- EXERCISE
Within the records, say how many lines include the word "closed"; the answer should be the number and no more.

━━━━━━━━━━━━━━━━━━━━

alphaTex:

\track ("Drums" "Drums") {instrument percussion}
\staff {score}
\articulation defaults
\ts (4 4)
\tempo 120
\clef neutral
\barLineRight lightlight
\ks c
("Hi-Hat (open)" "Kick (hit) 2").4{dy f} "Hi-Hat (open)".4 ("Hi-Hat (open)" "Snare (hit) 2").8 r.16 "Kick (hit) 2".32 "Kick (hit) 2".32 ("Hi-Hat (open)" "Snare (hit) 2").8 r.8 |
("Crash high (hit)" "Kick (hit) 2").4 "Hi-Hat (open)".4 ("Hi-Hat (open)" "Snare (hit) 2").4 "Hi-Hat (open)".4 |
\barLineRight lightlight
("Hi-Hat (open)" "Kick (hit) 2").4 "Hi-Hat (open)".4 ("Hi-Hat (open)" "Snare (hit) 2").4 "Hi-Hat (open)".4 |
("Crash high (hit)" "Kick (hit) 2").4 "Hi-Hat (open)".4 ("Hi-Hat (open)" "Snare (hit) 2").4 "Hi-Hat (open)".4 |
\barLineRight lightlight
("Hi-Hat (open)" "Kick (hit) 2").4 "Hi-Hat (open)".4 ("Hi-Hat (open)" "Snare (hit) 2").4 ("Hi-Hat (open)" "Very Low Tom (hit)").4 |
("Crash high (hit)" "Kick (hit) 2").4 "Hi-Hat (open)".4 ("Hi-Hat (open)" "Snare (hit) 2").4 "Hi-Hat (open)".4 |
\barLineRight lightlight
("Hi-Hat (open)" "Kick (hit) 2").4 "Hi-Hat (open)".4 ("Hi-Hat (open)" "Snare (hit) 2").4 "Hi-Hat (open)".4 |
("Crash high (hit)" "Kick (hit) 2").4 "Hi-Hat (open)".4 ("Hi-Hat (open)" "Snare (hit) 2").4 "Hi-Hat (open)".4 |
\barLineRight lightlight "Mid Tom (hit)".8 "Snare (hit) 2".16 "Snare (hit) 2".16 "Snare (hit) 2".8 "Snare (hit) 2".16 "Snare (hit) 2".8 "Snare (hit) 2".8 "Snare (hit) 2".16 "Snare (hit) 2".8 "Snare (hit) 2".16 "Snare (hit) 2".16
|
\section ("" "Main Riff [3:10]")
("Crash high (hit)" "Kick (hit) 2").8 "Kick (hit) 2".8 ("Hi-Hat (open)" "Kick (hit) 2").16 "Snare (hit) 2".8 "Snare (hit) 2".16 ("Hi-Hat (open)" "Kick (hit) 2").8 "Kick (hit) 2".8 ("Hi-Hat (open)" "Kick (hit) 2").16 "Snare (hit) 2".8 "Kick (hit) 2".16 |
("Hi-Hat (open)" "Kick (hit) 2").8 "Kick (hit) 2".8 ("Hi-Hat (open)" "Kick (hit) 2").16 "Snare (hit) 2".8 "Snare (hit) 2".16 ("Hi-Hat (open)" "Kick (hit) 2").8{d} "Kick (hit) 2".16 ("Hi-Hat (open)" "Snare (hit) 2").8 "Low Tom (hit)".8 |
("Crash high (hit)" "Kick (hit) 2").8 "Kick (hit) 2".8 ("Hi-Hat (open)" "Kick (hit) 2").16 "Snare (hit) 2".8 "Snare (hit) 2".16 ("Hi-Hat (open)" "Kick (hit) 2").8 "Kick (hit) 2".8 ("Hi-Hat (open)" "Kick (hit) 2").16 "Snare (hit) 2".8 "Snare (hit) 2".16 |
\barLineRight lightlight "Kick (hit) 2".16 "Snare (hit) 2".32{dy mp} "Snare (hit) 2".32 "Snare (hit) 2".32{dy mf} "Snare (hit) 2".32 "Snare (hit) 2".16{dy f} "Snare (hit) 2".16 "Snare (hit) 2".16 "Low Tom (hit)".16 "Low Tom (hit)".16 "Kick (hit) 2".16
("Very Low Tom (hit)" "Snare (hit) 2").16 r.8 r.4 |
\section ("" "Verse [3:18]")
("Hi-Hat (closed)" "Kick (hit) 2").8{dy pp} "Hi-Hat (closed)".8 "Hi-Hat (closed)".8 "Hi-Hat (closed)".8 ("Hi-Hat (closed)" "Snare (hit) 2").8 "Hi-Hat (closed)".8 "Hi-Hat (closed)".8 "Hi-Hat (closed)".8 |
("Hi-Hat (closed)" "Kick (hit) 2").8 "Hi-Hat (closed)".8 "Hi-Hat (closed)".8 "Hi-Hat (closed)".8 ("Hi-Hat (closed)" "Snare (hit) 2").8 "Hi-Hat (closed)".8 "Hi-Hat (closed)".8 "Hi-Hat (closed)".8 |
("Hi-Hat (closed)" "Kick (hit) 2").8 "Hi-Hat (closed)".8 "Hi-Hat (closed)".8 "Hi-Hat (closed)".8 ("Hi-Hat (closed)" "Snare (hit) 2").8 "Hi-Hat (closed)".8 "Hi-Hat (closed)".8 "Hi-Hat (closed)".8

━━━━━━━━━━━━━━━━━━━━

- SOLUTION TO THIS EXERCISE
3